Cuando las jerarquías del Vaticano juzgaron, en su momento, a Galileo por lo que se consideraba una herejía astronómica, hubo quien dijo que lo importante no era saber lo que había en el cielo sino cómo llegar hasta él, en sentido teológico naturalmente. En ese entonces gran parte de la opinión pública del siglo XVII estaba de acuerdo con los postulados católicos mientras que sólo unos pocos científicos compartían las ideas de Galilei. Casi siempre es así: la historia real, la que cuenta y cambia es la que transforman y encarnan unos pocos y atrevidos individuos, en tanto que la masa, el pueblo, la gente es por lo general conservadora.
Pero ese panorama comenzó a cambiar cuando los científicos, a partir del mismo Renacimiento y más aún de la Enciclopedia, reemplazaron en autoridad moral y en saber a la casta de los sacerdotes. El retroceso ideológico, la credibilidad moral de la Iglesia cayó en picado tras la quema de Giordano Bruno y la condena a Galileo, caída que se continuó prácticamente hasta mediados del siglo pasado, en el que la obra del jesuita Teilhard de Chardin comenzó a lavar la cara de su institución, la cual, pese a ello, continuó desconfiando de los postulados evolucionistas y post-darwinianos del pensador francés.

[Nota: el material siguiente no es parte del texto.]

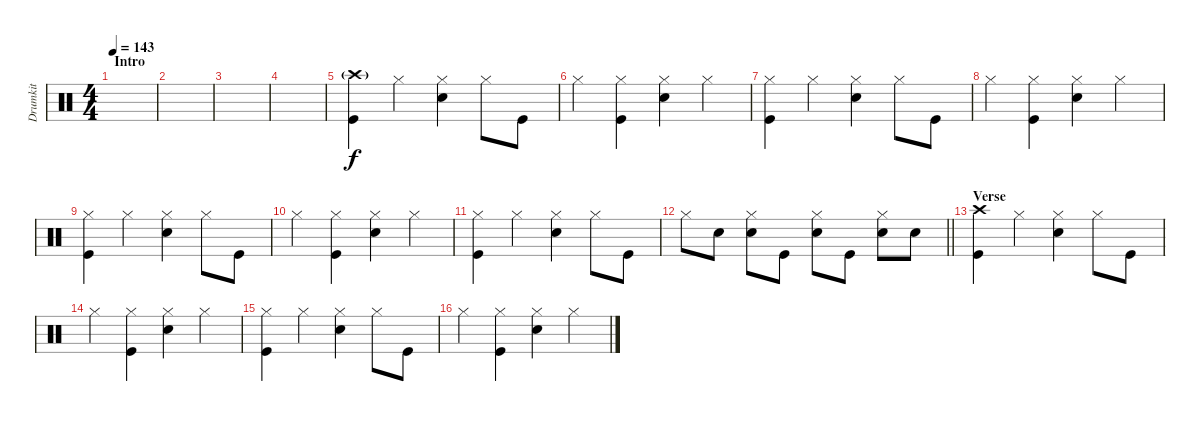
\track ("Drumkit" "Drumkit") {instrument percussion}
\staff {score}
\articulation defaults
\ts (4 4)
\section ("" "Intro")
\tempo 143
\clef neutral
\ks c
|
|
|
|
("Crash high (hit)"{g} "Kick (hit)").4 "Hi-Hat (closed)".4 ("Hi-Hat (closed)" "Snare (hit) 2").4 "Hi-Hat (closed)".8 "Kick (hit)".8 |
"Hi-Hat (closed)".4 ("Hi-Hat (closed)" "Kick (hit)").4 ("Hi-Hat (closed)" "Snare (hit) 2").4 "Hi-Hat (closed)".4 |
("Kick (hit)" "Hi-Hat (closed)").4 "Hi-Hat (closed)".4 ("Hi-Hat (closed)" "Snare (hit) 2").4 "Hi-Hat (closed)".8 "Kick (hit)".8 |
"Hi-Hat (closed)".4 ("Hi-Hat (closed)" "Kick (hit)").4 ("Hi-Hat (closed)" "Snare (hit) 2").4 "Hi-Hat (closed)".4 |
("Kick (hit)" "Hi-Hat (closed)").4 "Hi-Hat (closed)".4 ("Hi-Hat (closed)" "Snare (hit) 2").4 "Hi-Hat (closed)".8 "Kick (hit)".8 |
"Hi-Hat (closed)".4 ("Hi-Hat (closed)" "Kick (hit)").4 ("Hi-Hat (closed)" "Snare (hit) 2").4 "Hi-Hat (closed)".4 |
("Kick (hit)" "Hi-Hat (closed)").4 "Hi-Hat (closed)".4 ("Hi-Hat (closed)" "Snare (hit) 2").4 "Hi-Hat (closed)".8 "Kick (hit)".8 |
\barLineRight lightlight "Hi-Hat (closed)".8 "Snare (hit) 2".8
("Hi-Hat (closed)" "Snare (hit) 2").8 "Kick (hit)".8 ("Hi-Hat (closed)" "Snare (hit) 2").8 "Kick (hit)".8 ("Hi-Hat (closed)" "Snare (hit) 2").8 "Snare (hit) 2".8 |
\section ("" "Verse")
("Crash high (hit)" "Kick (hit)").4 "Hi-Hat (closed)".4 ("Hi-Hat (closed)" "Snare (hit) 2").4 "Hi-Hat (closed)".8 "Kick (hit)".8 |
"Hi-Hat (closed)".4 ("Hi-Hat (closed)" "Kick (hit)").4 ("Hi-Hat (closed)" "Snare (hit) 2").4 "Hi-Hat (closed)".4 |
("Kick (hit)" "Hi-Hat (closed)").4 "Hi-Hat (closed)".4 ("Hi-Hat (closed)" "Snare (hit) 2").4 "Hi-Hat (closed)".8 "Kick (hit)".8 |
"Hi-Hat (closed)".4 ("Hi-Hat (closed)" "Kick (hit)").4 ("Hi-Hat (closed)" "Snare (hit) 2").4 "Hi-Hat (closed)".4
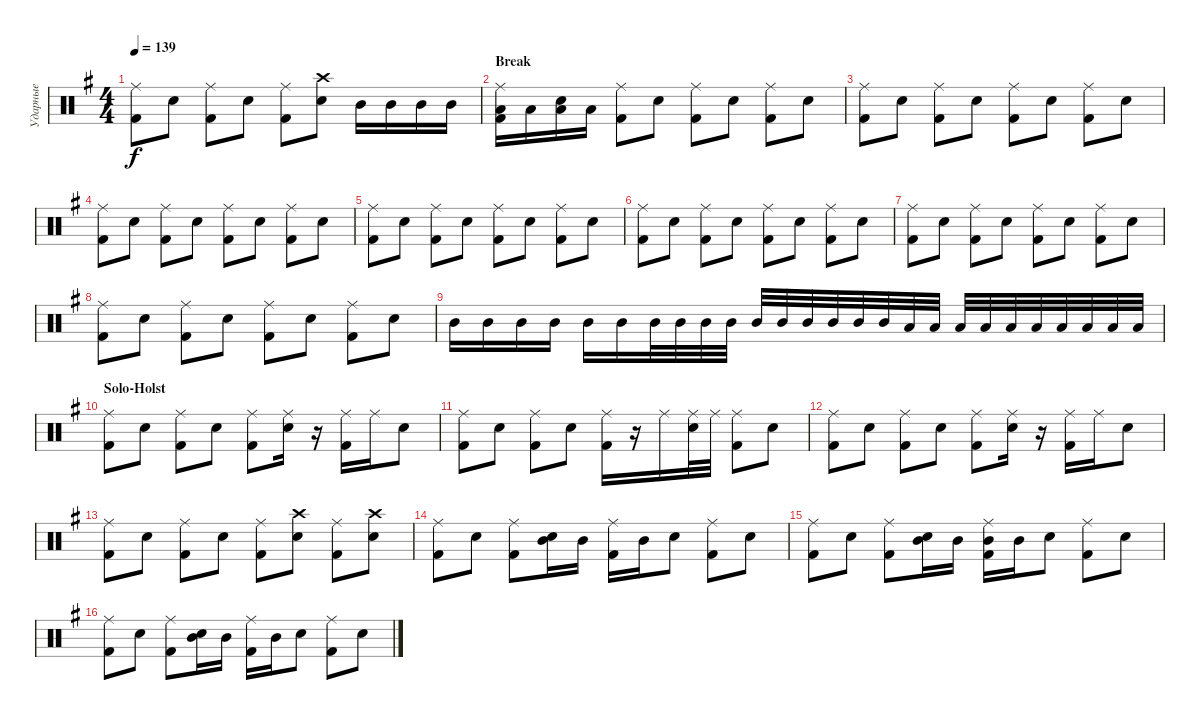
\track ("Ударные" "Ударные") {instrument percussion}
\staff {score}
\articulation defaults
\ts (4 4)
\tempo 139
\clef neutral
\ks eminor
("Ride (middle)" "Kick (hit) 2").8{dy f} "Snare (hit) 2".8 ("Ride (middle)" "Kick (hit) 2").8 "Snare (hit) 2".8 ("Ride (middle)" "Kick (hit) 2").8 ("Crash high (hit)" "Snare (hit) 2").8 "Mid Tom (hit)".16 "Mid Tom (hit)".16 "Mid Tom (hit)".16 "Mid Tom (hit)".16 |
\section ("" "Break")
("Ride (middle)" "Low Tom (hit)" "Kick (hit) 2").16 "Low Tom (hit)".16 ("Snare (hit) 2" "Low Tom (hit)").16 "Low Tom (hit)".16 ("Ride (middle)" "Kick (hit) 2").8 "Snare (hit) 2".8 ("Ride (middle)" "Kick (hit) 2").8 "Snare (hit) 2".8 ("Ride (middle)" "Kick (hit) 2").8 "Snare (hit) 2".8 |
("Ride (middle)" "Kick (hit) 2").8 "Snare (hit) 2".8 ("Ride (middle)" "Kick (hit) 2").8 "Snare (hit) 2".8 ("Ride (middle)" "Kick (hit) 2").8 "Snare (hit) 2".8 ("Ride (middle)" "Kick (hit) 2").8 "Snare (hit) 2".8 |
("Ride (middle)" "Kick (hit) 2").8 "Snare (hit) 2".8 ("Ride (middle)" "Kick (hit) 2").8 "Snare (hit) 2".8 ("Ride (middle)" "Kick (hit) 2").8 "Snare (hit) 2".8 ("Ride (middle)" "Kick (hit) 2").8 "Snare (hit) 2".8 |
("Ride (middle)" "Kick (hit) 2").8 "Snare (hit) 2".8 ("Ride (middle)" "Kick (hit) 2").8 "Snare (hit) 2".8 ("Ride (middle)" "Kick (hit) 2").8 "Snare (hit) 2".8 ("Ride (middle)" "Kick (hit) 2").8 "Snare (hit) 2".8 |
("Ride (middle)" "Kick (hit) 2").8 "Snare (hit) 2".8 ("Ride (middle)" "Kick (hit) 2").8 "Snare (hit) 2".8 ("Ride (middle)" "Kick (hit) 2").8 "Snare (hit) 2".8 ("Ride (middle)" "Kick (hit) 2").8 "Snare (hit) 2".8 |
("Ride (middle)" "Kick (hit) 2").8 "Snare (hit) 2".8 ("Ride (middle)" "Kick (hit) 2").8 "Snare (hit) 2".8 ("Ride (middle)" "Kick (hit) 2").8 "Snare (hit) 2".8 ("Ride (middle)" "Kick (hit) 2").8 "Snare (hit) 2".8 |
("Ride (middle)" "Kick (hit) 2").8 "Snare (hit) 2".8 ("Ride (middle)" "Kick (hit) 2").8 "Snare (hit) 2".8 ("Ride (middle)" "Kick (hit) 2").8 "Snare (hit) 2".8 ("Ride (middle)" "Kick (hit) 2").8 "Snare (hit) 2".8 |
"Mid Tom (hit)".16 "Mid Tom (hit)".16 "Mid Tom (hit)".16 "Mid Tom (hit)".16 "Mid Tom (hit)".16 "Mid Tom (hit)".16 "Mid Tom (hit)".32 "Mid Tom (hit)".32 "Mid Tom (hit)".32 "Mid Tom (hit)".32 "Mid Tom (hit)".32 "Mid Tom (hit)".32 "Mid Tom (hit)".32 "Mid Tom (hit)".32 "Mid Tom (hit)".32 "Mid Tom (hit)".32 "Low Tom (hit)".32 "Low Tom (hit)".32 "Low Tom (hit)".32 "Low Tom (hit)".32 "Low Tom (hit)".32 "Low Tom (hit)".32 "Low Tom (hit)".32 "Low Tom (hit)".32 "Low Tom (hit)".32 "Low Tom (hit)".32 |
\section ("" "Solo-Holst")
("Ride (middle)" "Kick (hit) 2").8 "Snare (hit) 2".8 ("Ride (middle)" "Kick (hit) 2").8 "Snare (hit) 2".8 ("Ride (middle)" "Kick (hit) 2").8 ("Ride (middle)" "Snare (hit) 2").16 r.16 ("Ride (middle)" "Kick (hit) 2").16 "Ride (middle)".16 "Snare (hit) 2".8 |
("Ride (middle)" "Kick (hit) 2").8 "Snare (hit) 2".8 ("Ride (middle)" "Kick (hit) 2").8 "Snare (hit) 2".8 ("Ride (middle)" "Kick (hit) 2").16 r.16 "Ride (middle)".16 ("Ride (middle)" "Snare (hit) 2").32 "Ride (middle)".32 ("Ride (middle)" "Kick (hit) 2").8 "Snare (hit) 2".8 |
("Ride (middle)" "Kick (hit) 2").8 "Snare (hit) 2".8 ("Ride (middle)" "Kick (hit) 2").8 "Snare (hit) 2".8 ("Ride (middle)" "Kick (hit) 2").8 ("Ride (middle)" "Snare (hit) 2").16 r.16 ("Ride (middle)" "Kick (hit) 2").16 "Ride (middle)".16 "Snare (hit) 2".8 |
("Ride (middle)" "Kick (hit) 2").8 "Snare (hit) 2".8 ("Ride (middle)" "Kick (hit) 2").8 "Snare (hit) 2".8 ("Ride (middle)" "Kick (hit) 2").8 ("Crash high (hit)" "Snare (hit) 2").8 ("Ride (middle)" "Kick (hit) 2").8 ("Crash high (hit)" "Snare (hit) 2").8 |
("Ride (middle)" "Kick (hit) 2").8 "Snare (hit) 2".8 ("Ride (middle)" "Kick (hit) 2").8 ("Mid Tom (hit)" "Snare (hit) 2").16 "Mid Tom (hit)".16 ("Ride (middle)" "Kick (hit) 2").16 "Mid Tom (hit)".16 "Snare (hit) 2".8 ("Ride (middle)" "Kick (hit) 2").8 "Snare (hit) 2".8 |
("Ride (middle)" "Kick (hit) 2").8 "Snare (hit) 2".8 ("Ride (middle)" "Kick (hit) 2").8 ("Mid Tom (hit)" "Snare (hit) 2").16 "Mid Tom (hit)".16 ("Mid Tom (hit)" "Ride (middle)" "Kick (hit) 2").16 "Mid Tom (hit)".16 "Snare (hit) 2".8 ("Ride (middle)" "Kick (hit) 2").8 "Snare (hit) 2".8 |
("Ride (middle)" "Kick (hit) 2").8 "Snare (hit) 2".8 ("Ride (middle)" "Kick (hit) 2").8 ("Mid Tom (hit)" "Snare (hit) 2").16 "Mid Tom (hit)".16 ("Ride (middle)" "Kick (hit) 2").16 "Mid Tom (hit)".16 "Snare (hit) 2".8 ("Ride (middle)" "Kick (hit) 2").8 "Snare (hit) 2".8
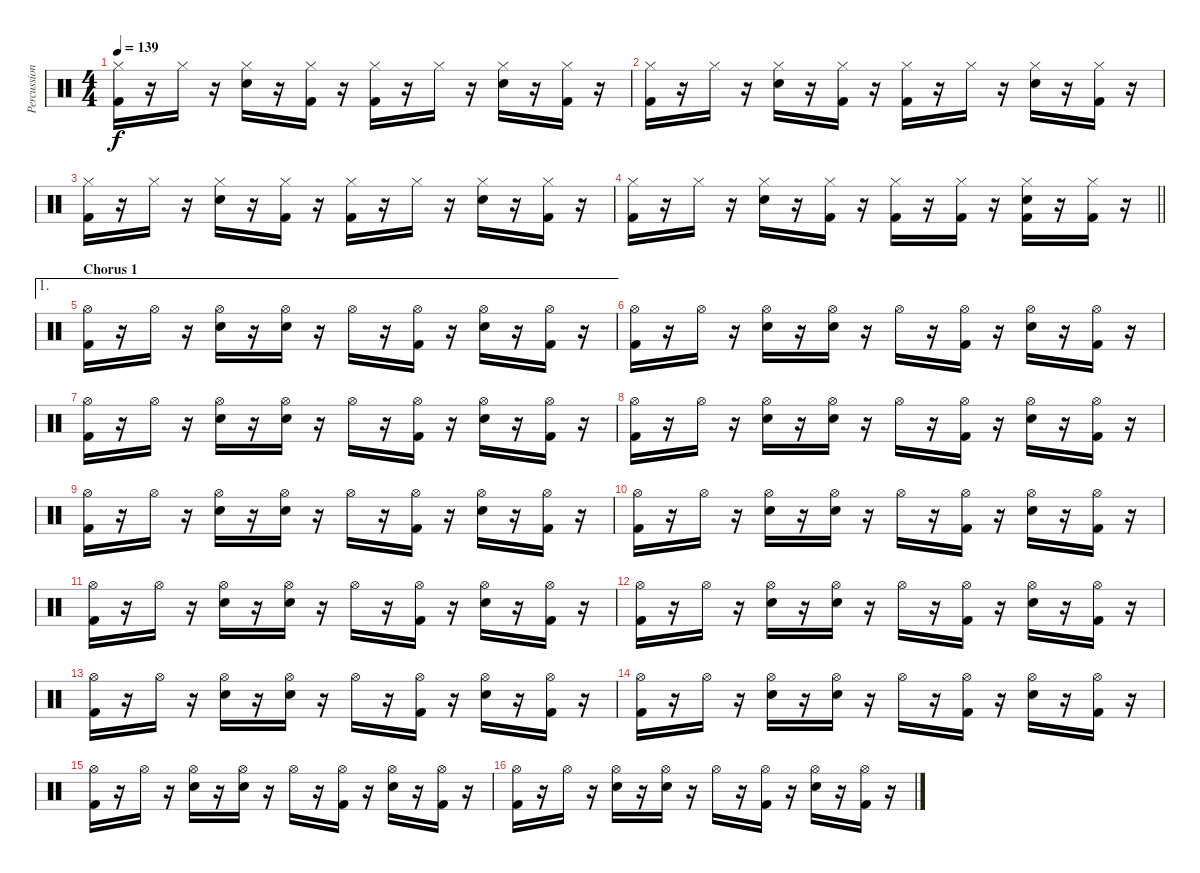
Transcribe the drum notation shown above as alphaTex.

\track ("Percussion" "Percussion") {instrument percussion}
\staff {score}
\articulation defaults
\ts (4 4)
\tempo 139
\clef neutral
\ks c
("Hi-Hat (closed)" "Kick (hit) 2").16{dy f} r.16 "Hi-Hat (closed)".16 r.16 ("Hi-Hat (closed)" "Snare (hit) 2").16 r.16 ("Hi-Hat (closed)" "Kick (hit) 2").16 r.16 ("Hi-Hat (closed)" "Kick (hit) 2").16 r.16 "Hi-Hat (closed)".16 r.16 ("Hi-Hat (closed)" "Snare (hit) 2").16 r.16 ("Hi-Hat (closed)" "Kick (hit) 2").16 r.16 |
("Hi-Hat (closed)" "Kick (hit) 2").16 r.16 "Hi-Hat (closed)".16 r.16 ("Hi-Hat (closed)" "Snare (hit) 2").16 r.16 ("Hi-Hat (closed)" "Kick (hit) 2").16 r.16 ("Hi-Hat (closed)" "Kick (hit) 2").16 r.16 "Hi-Hat (closed)".16 r.16 ("Hi-Hat (closed)" "Snare (hit) 2").16 r.16 ("Hi-Hat (closed)" "Kick (hit) 2").16 r.16 |
("Hi-Hat (closed)" "Kick (hit) 2").16 r.16 "Hi-Hat (closed)".16 r.16 ("Hi-Hat (closed)" "Snare (hit) 2").16 r.16 ("Hi-Hat (closed)" "Kick (hit) 2").16 r.16 ("Hi-Hat (closed)" "Kick (hit) 2").16 r.16 "Hi-Hat (closed)".16 r.16 ("Hi-Hat (closed)" "Snare (hit) 2").16 r.16 ("Hi-Hat (closed)" "Kick (hit) 2").16 r.16 |
\barLineRight lightlight
("Hi-Hat (closed)" "Kick (hit) 2").16 r.16 "Hi-Hat (closed)".16 r.16 ("Hi-Hat (closed)" "Snare (hit) 2").16 r.16 ("Hi-Hat (closed)" "Kick (hit) 2").16 r.16 ("Hi-Hat (closed)" "Kick (hit) 2").16 r.16 ("Hi-Hat (closed)" "Kick (hit) 2").16 r.16 ("Hi-Hat (closed)" "Snare (hit) 2" "Kick (hit) 2").16 r.16 ("Hi-Hat (closed)" "Kick (hit) 2").16 r.16 |
\ae 1
\section ("" "Chorus 1")
("Hi-Hat (open)" "Kick (hit) 2").16 r.16 "Hi-Hat (open)".16 r.16 ("Hi-Hat (open)" "Snare (hit) 2").16 r.16 ("Hi-Hat (open)" "Snare (hit) 2").16 r.16 "Hi-Hat (open)".16 r.16 ("Hi-Hat (open)" "Kick (hit) 2").16 r.16 ("Hi-Hat (open)" "Snare (hit) 2").16 r.16 ("Hi-Hat (open)" "Kick (hit) 2").16 r.16 |
("Hi-Hat (open)" "Kick (hit) 2").16 r.16 "Hi-Hat (open)".16 r.16 ("Hi-Hat (open)" "Snare (hit) 2").16 r.16 ("Hi-Hat (open)" "Snare (hit) 2").16 r.16 "Hi-Hat (open)".16 r.16 ("Hi-Hat (open)" "Kick (hit) 2").16 r.16 ("Hi-Hat (open)" "Snare (hit) 2").16 r.16 ("Hi-Hat (open)" "Kick (hit) 2").16 r.16 |
("Hi-Hat (open)" "Kick (hit) 2").16 r.16 "Hi-Hat (open)".16 r.16 ("Hi-Hat (open)" "Snare (hit) 2").16 r.16 ("Hi-Hat (open)" "Snare (hit) 2").16 r.16 "Hi-Hat (open)".16 r.16 ("Hi-Hat (open)" "Kick (hit) 2").16 r.16 ("Hi-Hat (open)" "Snare (hit) 2").16 r.16 ("Hi-Hat (open)" "Kick (hit) 2").16 r.16 |
("Hi-Hat (open)" "Kick (hit) 2").16 r.16 "Hi-Hat (open)".16 r.16 ("Hi-Hat (open)" "Snare (hit) 2").16 r.16 ("Hi-Hat (open)" "Snare (hit) 2").16 r.16 "Hi-Hat (open)".16 r.16 ("Hi-Hat (open)" "Kick (hit) 2").16 r.16 ("Hi-Hat (open)" "Snare (hit) 2").16 r.16 ("Hi-Hat (open)" "Kick (hit) 2").16 r.16 |
("Hi-Hat (open)" "Kick (hit) 2").16 r.16 "Hi-Hat (open)".16 r.16 ("Hi-Hat (open)" "Snare (hit) 2").16 r.16 ("Hi-Hat (open)" "Snare (hit) 2").16 r.16 "Hi-Hat (open)".16 r.16 ("Hi-Hat (open)" "Kick (hit) 2").16 r.16 ("Hi-Hat (open)" "Snare (hit) 2").16 r.16 ("Hi-Hat (open)" "Kick (hit) 2").16 r.16 |
("Hi-Hat (open)" "Kick (hit) 2").16 r.16 "Hi-Hat (open)".16 r.16 ("Hi-Hat (open)" "Snare (hit) 2").16 r.16 ("Hi-Hat (open)" "Snare (hit) 2").16 r.16 "Hi-Hat (open)".16 r.16 ("Hi-Hat (open)" "Kick (hit) 2").16 r.16 ("Hi-Hat (open)" "Snare (hit) 2").16 r.16 ("Hi-Hat (open)" "Kick (hit) 2").16 r.16 |
("Hi-Hat (open)" "Kick (hit) 2").16 r.16 "Hi-Hat (open)".16 r.16 ("Hi-Hat (open)" "Snare (hit) 2").16 r.16 ("Hi-Hat (open)" "Snare (hit) 2").16 r.16 "Hi-Hat (open)".16 r.16 ("Hi-Hat (open)" "Kick (hit) 2").16 r.16 ("Hi-Hat (open)" "Snare (hit) 2").16 r.16 ("Hi-Hat (open)" "Kick (hit) 2").16 r.16 |
("Hi-Hat (open)" "Kick (hit) 2").16 r.16 "Hi-Hat (open)".16 r.16 ("Hi-Hat (open)" "Snare (hit) 2").16 r.16 ("Hi-Hat (open)" "Snare (hit) 2").16 r.16 "Hi-Hat (open)".16 r.16 ("Hi-Hat (open)" "Kick (hit) 2").16 r.16 ("Hi-Hat (open)" "Snare (hit) 2").16 r.16 ("Hi-Hat (open)" "Kick (hit) 2").16 r.16 |
("Hi-Hat (open)" "Kick (hit) 2").16 r.16 "Hi-Hat (open)".16 r.16 ("Hi-Hat (open)" "Snare (hit) 2").16 r.16 ("Hi-Hat (open)" "Snare (hit) 2").16 r.16 "Hi-Hat (open)".16 r.16 ("Hi-Hat (open)" "Kick (hit) 2").16 r.16 ("Hi-Hat (open)" "Snare (hit) 2").16 r.16 ("Hi-Hat (open)" "Kick (hit) 2").16 r.16 |
("Hi-Hat (open)" "Kick (hit) 2").16 r.16 "Hi-Hat (open)".16 r.16 ("Hi-Hat (open)" "Snare (hit) 2").16 r.16 ("Hi-Hat (open)" "Snare (hit) 2").16 r.16 "Hi-Hat (open)".16 r.16 ("Hi-Hat (open)" "Kick (hit) 2").16 r.16 ("Hi-Hat (open)" "Snare (hit) 2").16 r.16 ("Hi-Hat (open)" "Kick (hit) 2").16 r.16 |
("Hi-Hat (open)" "Kick (hit) 2").16 r.16 "Hi-Hat (open)".16 r.16 ("Hi-Hat (open)" "Snare (hit) 2").16 r.16 ("Hi-Hat (open)" "Snare (hit) 2").16 r.16 "Hi-Hat (open)".16 r.16 ("Hi-Hat (open)" "Kick (hit) 2").16 r.16 ("Hi-Hat (open)" "Snare (hit) 2").16 r.16 ("Hi-Hat (open)" "Kick (hit) 2").16 r.16 |
("Hi-Hat (open)" "Kick (hit) 2").16 r.16 "Hi-Hat (open)".16 r.16 ("Hi-Hat (open)" "Snare (hit) 2").16 r.16 ("Hi-Hat (open)" "Snare (hit) 2").16 r.16 "Hi-Hat (open)".16 r.16 ("Hi-Hat (open)" "Kick (hit) 2").16 r.16 ("Hi-Hat (open)" "Snare (hit) 2").16 r.16 ("Hi-Hat (open)" "Kick (hit) 2").16 r.16

Con Chardin se inicia un proceso aún débil de síntesis entre conciencia cristiana y ciencia profana, un remontar la corriente de la citada caída, y por ello no parece casual que sean ahora los jesuitas y luego el Papa quienes vuelven a hablar del cielo como lo hacían los gnósticos primitivos o el maestro Sweedemborg en el siglo XVIII: no se trata, la región aludida, de un espacio escenográfico, de un locus amoeneus lleno de angelotes ni de un espacio vacío cuajado de estrellas sino un estado de conciencia, libre y espiritual, al que puede accederse si nuestra conducta es la correcta.
De igual modo, el infierno nace en la encrucijada de nuestros errores, crímenes menores y mayores y torna irrespirable el aire al que accede nuestra nariz cuando nos empeñamos en retacear y emponzoñar el oxígeno ajeno. Es ciertamente loable que la Iglesia emplee un tono ´´psicológico´´ para hablar de temas cuyo monopolio detentó durante siglos, y que lo haga acusando recibo de los trabajos hechos, en las últimas décadas, por el psicoanálisis o la antropología cultural.
Introyectar otra vez el cielo es la mejor manera de aligerar el equipaje teológico cristiano en un período por otra parte tan necesitado de mensajes espirituales. Lo que vendrá después no lo sabemos, pero hay que agradecerle a este Papa, por lo demás tan reciente, que haya puesto sobre la mesa del creyente el pan de sus propias acciones, ciertamente dulce si son buenas y ácido y amargo si detestables. La moral, la ética ¿qué son después de todo sino una higiene avant la lettre? Ya están, en cierto modo, en el cielo, aquellos cuyo generoso corazón hace más digna de ser vivida la vida de todos y cada uno de nosotros.